Decidí enjugar mi ropa, bajo la ducha. El agua y el jabón eliminarían los rastros del delito. Esos mismos elementos eliminarían el montón de suciedad que se acumuló en mis muslos.

Al terminar, me sentía renovada.

 

Tras la cena, corrí a mi habitación. Abrí la laptop y navegué un rato. Tenía cierto miedo. Adrian no me penetró. Nadie lo había hecho. Esa tarde fue mi primer contacto con un pene real. Lo había tocado, había sentido su dureza, había palpado su cabeza blanda. Había sentido el calor de su líquido seminal y después el de su semen.

Pero también puse ese miembro entre mis muslos, corriendo entre mis labios vaginales, frotándolos. Pero sin llegar a penétrame. Yo era virgen, pero sabía que una vagina que mantiene su himen intacto tiene una o varias pequeñas perforaciones que la hacen capaz de eliminar el flujo menstrual. Y si algo podía salir, también algo podía entrar.

En aquella tarde, Adrian me llenó de sus jugos en mi hendidura. Desconocía si esos líquidos serían suficientes para entrar a través de mi himen y alcanzar la vagina. Según mis cálculos, en esos días estaría ovulando. Mi fertilidad estaba a todo lo que da. Si un montón de espermatozoides de Adrian alcanzaban mi interior, mi vida se iría al trasto.

Al revisar las páginas, encontré que era una posibilidad. Un poco de líquido entre los labios podían posibilitar la fecundación. Nada decía de una virgen que pudiera embarazarse así, porque seguramente muchas jóvenes preferirían ser penetradas, recibiendo el semen y quedando fecundadas. Mi juego fue menos invasivo, pero igualmente sucio.

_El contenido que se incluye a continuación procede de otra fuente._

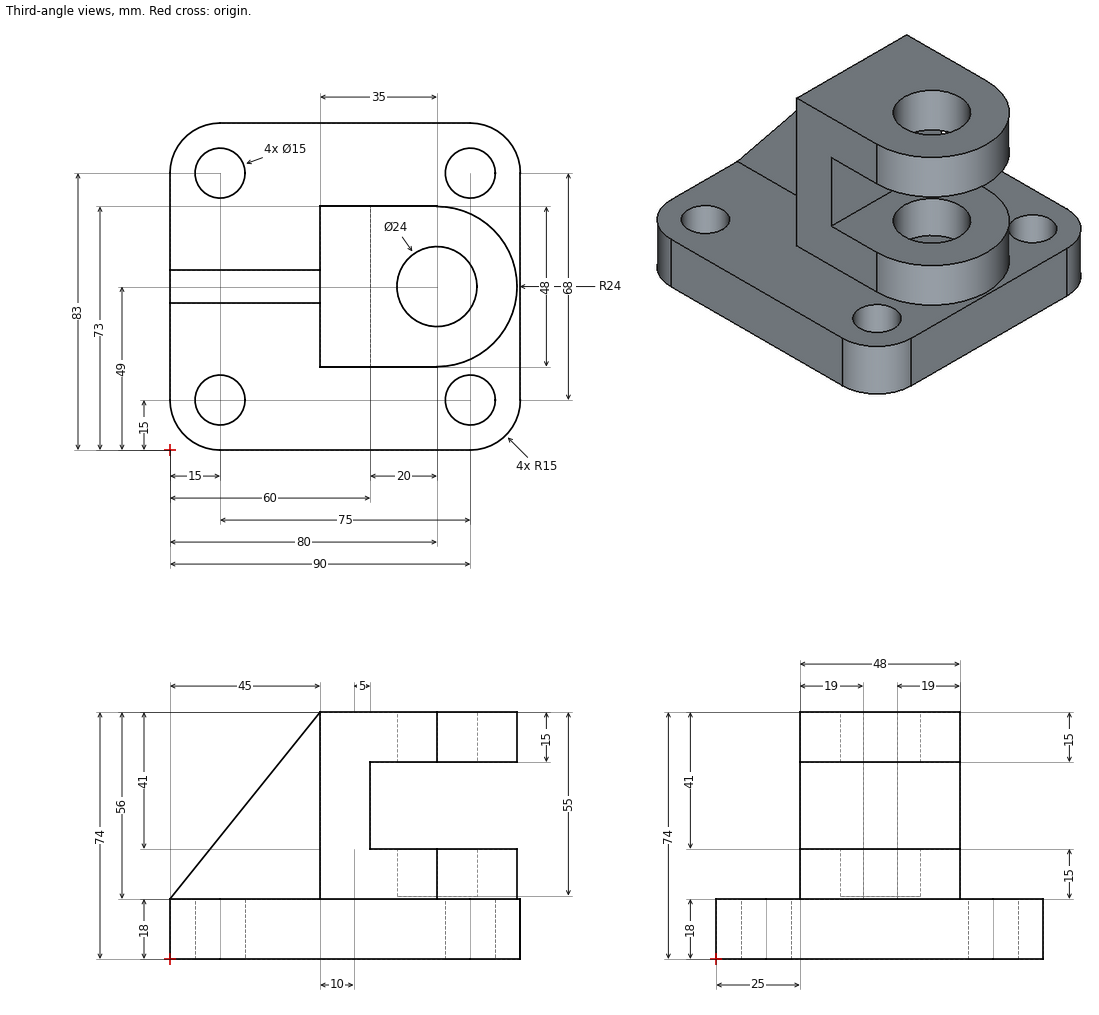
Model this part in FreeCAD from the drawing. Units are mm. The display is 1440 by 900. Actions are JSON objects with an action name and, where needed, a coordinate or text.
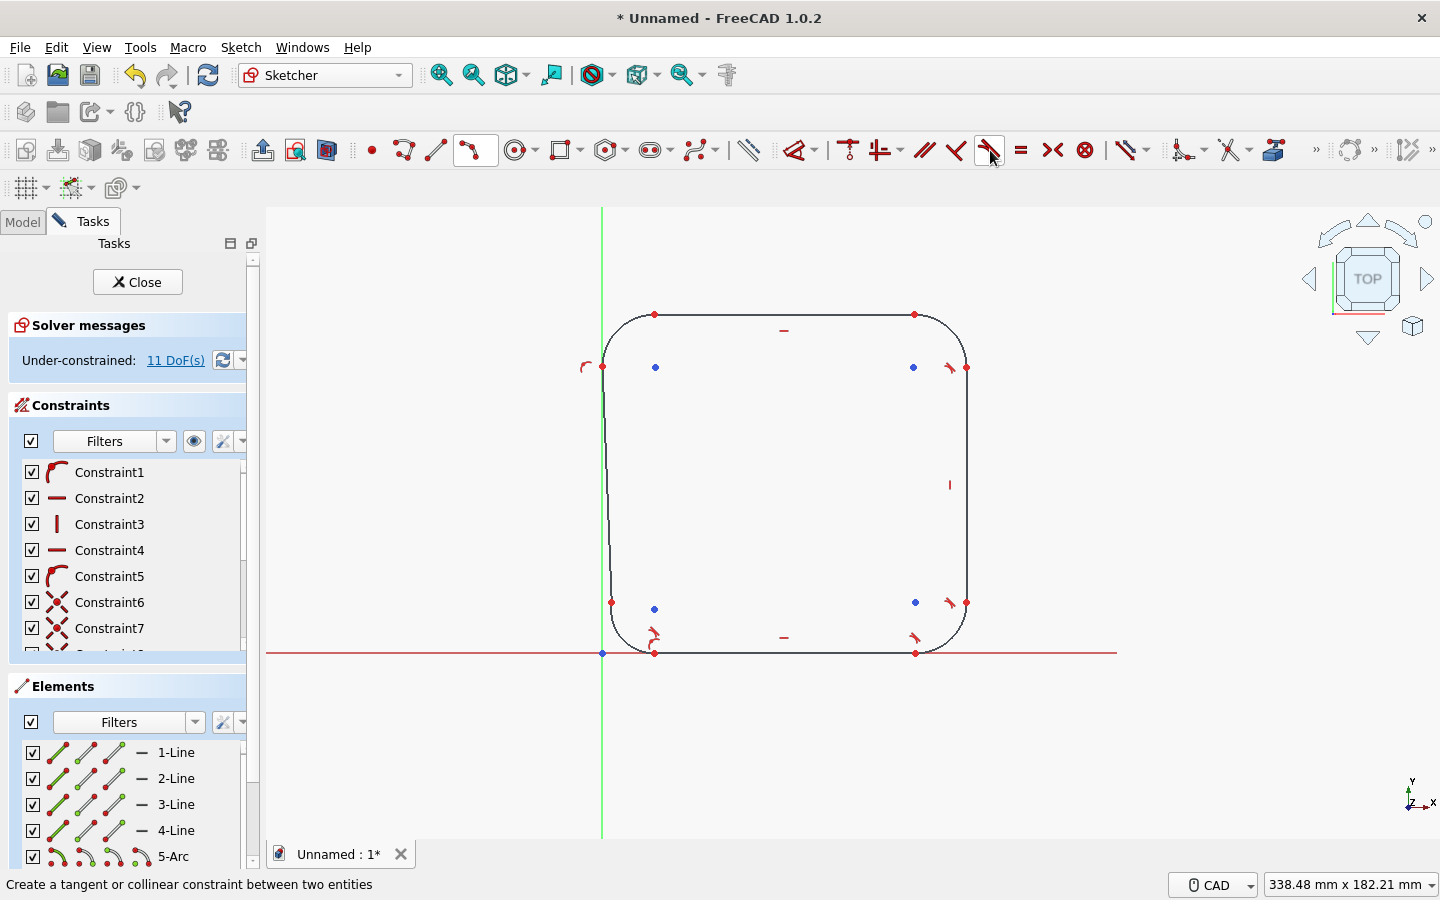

Encontré información sobre cómo evitar un embarazo. Condones, el dispositivo intrauterino, hormonas, ritmo. Todos con índices de fallas. Para mi caso, estaba la pastilla del día siguiente. Solo tenía que ir a la farmacia, pedir una pastilla y dormir más tranquila.

Sencillo.

El problema era que al día siguiente tenía tanta vergüenza y miedo que no pude pisar un pie en la farmacia. Sabía que tenía que hacerlo, pero no pude. No tendría cara para presentarme frente a la dependiente y solicitar aquel medicamento. Si uno pide un analgésico era porque podría tener un dolor de cabeza, de articulaciones, un resfriado, o un golpe en una rodilla. Cualquier cosa. Si una pide una pastilla del día siguiente, era porque con toda seguridad había tenido sexo. Y tan bueno que podía quedar embarazada y por eso solicitaba aquella «ayuda». No había otra explicación. Yo no me atrevía a ver a la vendedora y saber que en su cabeza ella pensaba con seguridad: «tan pequeña y tan sucia».

Así que deje todo al azar.

No fueron días fáciles. Estaba en una angustia y con miedo. No podría soportar llegar a soportar el saberme embarazada. Mis padres me matarían. O de menos me despedirían de su hogar. Adrian no me fue de ayuda. Siguieron días donde lo único que me ofreció fue indiferencia y evasivas. Era como si el supiera de mis temores y deseara alejarse lo más posible de mi para evitar comprometerlo más. Como si eso sirviera. Si quedaba embarazada, no se libraría de su responsabilidad tan fácilmente, pensaba. Así como no rechistó al colocar su pene entre mis piernas, tampoco debería hacerlo si un hijo suyo se formaba en mi vientre.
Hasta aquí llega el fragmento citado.